Trois femmes vivaient dans un village.

La première était méchante, la deuxième était menteuse, la troisième était égoïste.

Leur village portait un joli nom de jardin. Giverny.

La première habitait dans un grand moulin au bord d’un ruisseau, sur le chemin du Roy ; la deuxième occupait un appartement mansardé au-dessus de l’école, rue Blanche-Hoschedé-Monet ; la troisième vivait chez sa mère, une petite maison dont la peinture aux murs se décollait, rue du Château-d’Eau.

Elles n’avaient pas non plus le même âge. Pas du tout. La première avait plus de quatre-vingts ans et était veuve. Ou presque. La deuxième avait trente-six ans et n’avait jamais trompé son mari. Pour l’instant. La troisième avait onze ans bientôt et tous les garçons de son école voulaient d’elle pour amoureuse. La première s’habillait toujours de noir, la deuxième se maquillait pour son amant, la troisième tressait ses cheveux pour qu’ils volent au vent.

Vous avez compris. Toutes les trois étaient assez différentes. Elles possédaient pourtant un point commun, un secret, en quelque sorte : toutes les trois rêvaient de partir. Oui, de quitter Giverny, ce si fameux village dont le seul nom donne envie à une foule de gens de traverser le monde entier juste pour s’y promener quelques heures.

Vous savez bien pourquoi. À cause des peintres impressionnistes.

La première, la plus vieille, possédait un joli tableau, la deuxième s’intéressait beaucoup aux artistes, la troisième, la plus jeune, savait bien peindre. Très bien, même.

C’est étrange, vouloir quitter Giverny. Vous ne trouvez pas ? Toutes les trois pensaient que le village était une prison, un grand et beau jardin, mais grillagé. Comme le parc d’un asile. Un trompe-l’œil. Un tableau dont il serait impossible de déborder du cadre. En réalité, la troisième, la plus jeune, cherchait un père. Ailleurs. La deuxième cherchait l’amour. La première, la plus vieille, savait des choses sur les deux autres.

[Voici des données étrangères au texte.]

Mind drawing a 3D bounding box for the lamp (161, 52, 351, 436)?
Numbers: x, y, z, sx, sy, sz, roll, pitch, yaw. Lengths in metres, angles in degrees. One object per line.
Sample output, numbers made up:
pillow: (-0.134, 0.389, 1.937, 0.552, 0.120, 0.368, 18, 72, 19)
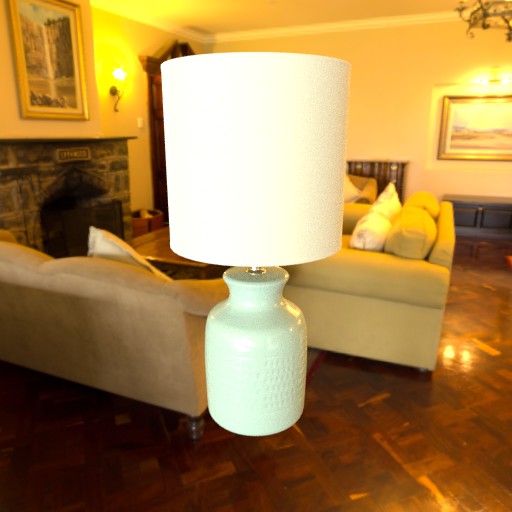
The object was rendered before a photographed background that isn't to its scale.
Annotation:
lamp: (0.000, 0.000, 1.108, 0.418, 0.871, 0.418, -7, 17, -25)
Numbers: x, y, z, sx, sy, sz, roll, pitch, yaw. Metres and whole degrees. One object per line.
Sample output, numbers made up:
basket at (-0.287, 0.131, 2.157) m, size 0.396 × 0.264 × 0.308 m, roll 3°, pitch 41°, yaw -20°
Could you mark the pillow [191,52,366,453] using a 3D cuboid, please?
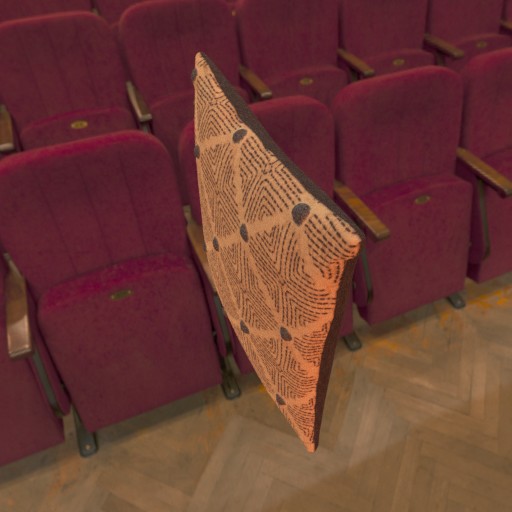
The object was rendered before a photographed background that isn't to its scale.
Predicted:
pillow at (0.000, 0.000, 0.760) m, size 0.145 × 0.510 × 0.510 m, roll -17°, pitch 47°, yaw -16°
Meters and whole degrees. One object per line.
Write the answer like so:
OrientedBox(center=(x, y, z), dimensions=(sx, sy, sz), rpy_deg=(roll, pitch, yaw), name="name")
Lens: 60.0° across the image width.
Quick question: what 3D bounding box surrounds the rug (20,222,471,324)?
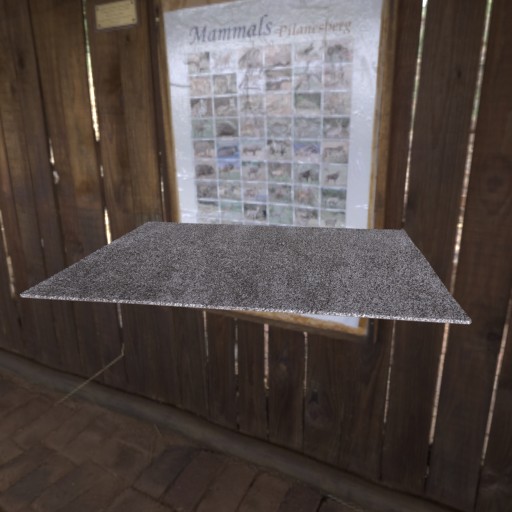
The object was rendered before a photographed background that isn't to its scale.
OrientedBox(center=(0.000, 0.000, 4.030), dimensions=(3.000, 0.025, 2.401), rpy_deg=(2, 17, 8), name="rug")
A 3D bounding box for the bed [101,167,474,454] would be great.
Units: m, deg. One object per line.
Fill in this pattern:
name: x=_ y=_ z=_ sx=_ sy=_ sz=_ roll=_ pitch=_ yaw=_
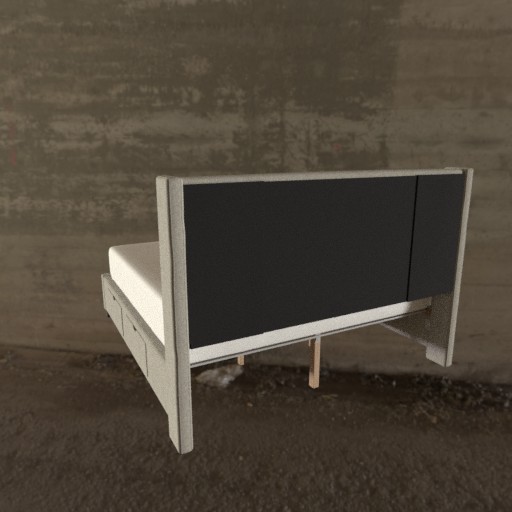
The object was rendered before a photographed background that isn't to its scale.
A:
bed: x=0.000 y=0.000 z=3.651 sx=2.140 sy=1.470 sz=2.280 roll=-7 pitch=15 yaw=-27
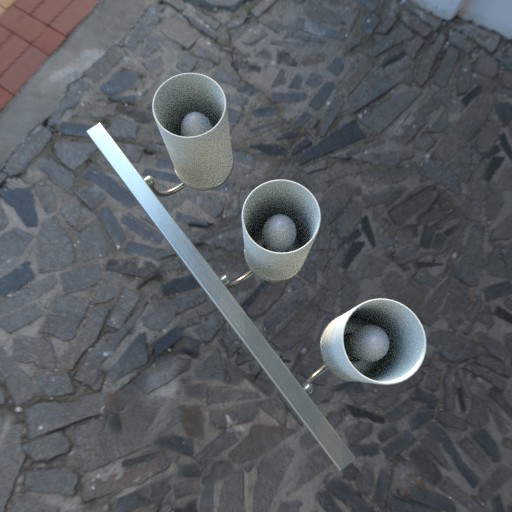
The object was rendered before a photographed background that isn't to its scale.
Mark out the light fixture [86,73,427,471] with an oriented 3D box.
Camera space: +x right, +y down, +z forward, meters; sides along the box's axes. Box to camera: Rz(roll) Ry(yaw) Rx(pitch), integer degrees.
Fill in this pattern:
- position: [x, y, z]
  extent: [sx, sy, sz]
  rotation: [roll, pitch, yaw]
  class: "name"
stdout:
- position: [0.000, 0.000, 0.521]
  extent: [0.145, 0.172, 0.451]
  rotation: [-37, 79, -9]
  class: "light fixture"
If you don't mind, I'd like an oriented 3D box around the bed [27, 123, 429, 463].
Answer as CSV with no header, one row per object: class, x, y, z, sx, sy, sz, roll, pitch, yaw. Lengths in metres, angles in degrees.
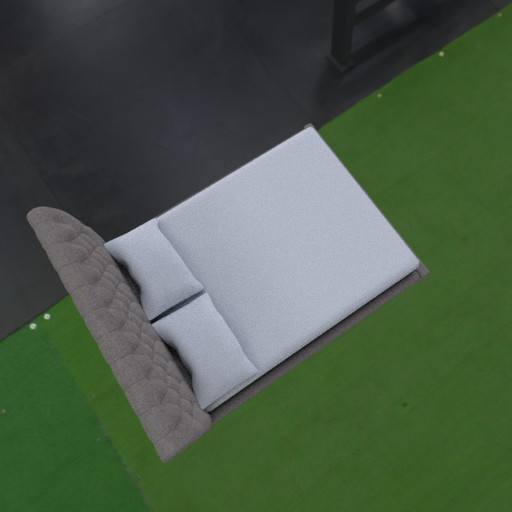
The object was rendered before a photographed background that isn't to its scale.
bed,0.000,0.000,3.272,2.252,1.371,1.645,-33,76,-9
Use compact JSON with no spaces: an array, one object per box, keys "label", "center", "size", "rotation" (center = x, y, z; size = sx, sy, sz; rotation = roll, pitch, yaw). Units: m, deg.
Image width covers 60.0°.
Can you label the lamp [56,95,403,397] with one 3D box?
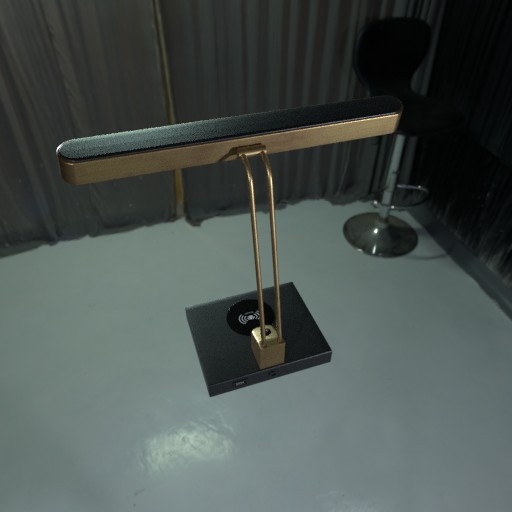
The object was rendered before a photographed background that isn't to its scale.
[{"label":"lamp","center":[0.000,0.000,0.582],"size":[0.412,0.345,0.156],"rotation":[-12,42,-14]}]
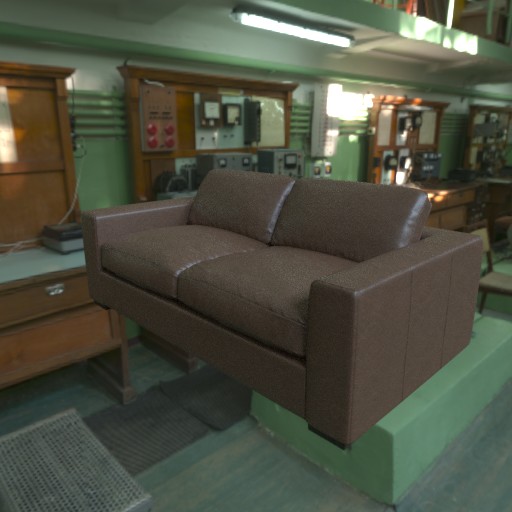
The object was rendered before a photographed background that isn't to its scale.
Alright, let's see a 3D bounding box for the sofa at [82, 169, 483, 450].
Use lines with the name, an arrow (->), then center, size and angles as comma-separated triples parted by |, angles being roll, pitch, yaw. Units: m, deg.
sofa -> 0.000, 0.000, 2.354 | 1.070, 0.800, 1.920 | -15, 22, -43
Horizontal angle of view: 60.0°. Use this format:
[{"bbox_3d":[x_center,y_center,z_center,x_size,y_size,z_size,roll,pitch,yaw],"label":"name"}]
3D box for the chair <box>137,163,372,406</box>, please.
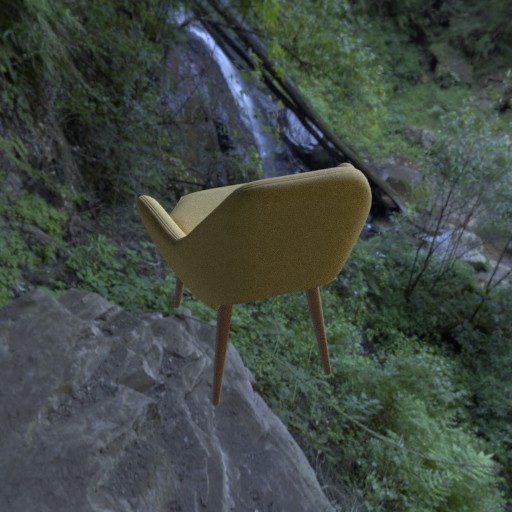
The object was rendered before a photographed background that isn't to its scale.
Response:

Une fois pourtant, pendant treize jours, pendant treize jours seulement, les grilles du parc s’ouvrirent. Très précisément, du 13 mai au 25 mai 2010. Les grilles de Giverny se levèrent pour elles ! Pour elles seules, c’est ce qu’elles pensaient. Mais la règle était cruelle, une seule d’entre elles pouvait s’échapper. Les deux autres devaient mourir. C’était ainsi.

Ces treize jours défilèrent comme une parenthèse dans leur vie. Trop brève. Cruelle, aussi. Cette parenthèse s’ouvrit par un meurtre, le premier jour, et se termina par un autre, le dernier jour. Bizarrement, les policiers ne s’intéressèrent qu’à la deuxième femme, la plus belle ; la troisième, la plus innocente, dut enquêter toute seule. La première, la plus discrète, put tranquillement surveiller tout le monde. Et même tuer !

Cela dura treize jours. Le temps d’une évasion.

Trois femmes vivaient dans un village.

La troisième était la plus douée, la deuxième était la plus rusée, la première était la plus déterminée.

À votre avis, laquelle parvint à s’échapper ?

La troisième, la plus jeune, s’appelait Fanette Morelle ; la deuxième s’appelait Stéphanie Dupain ; la première, la plus vieille, c’était moi.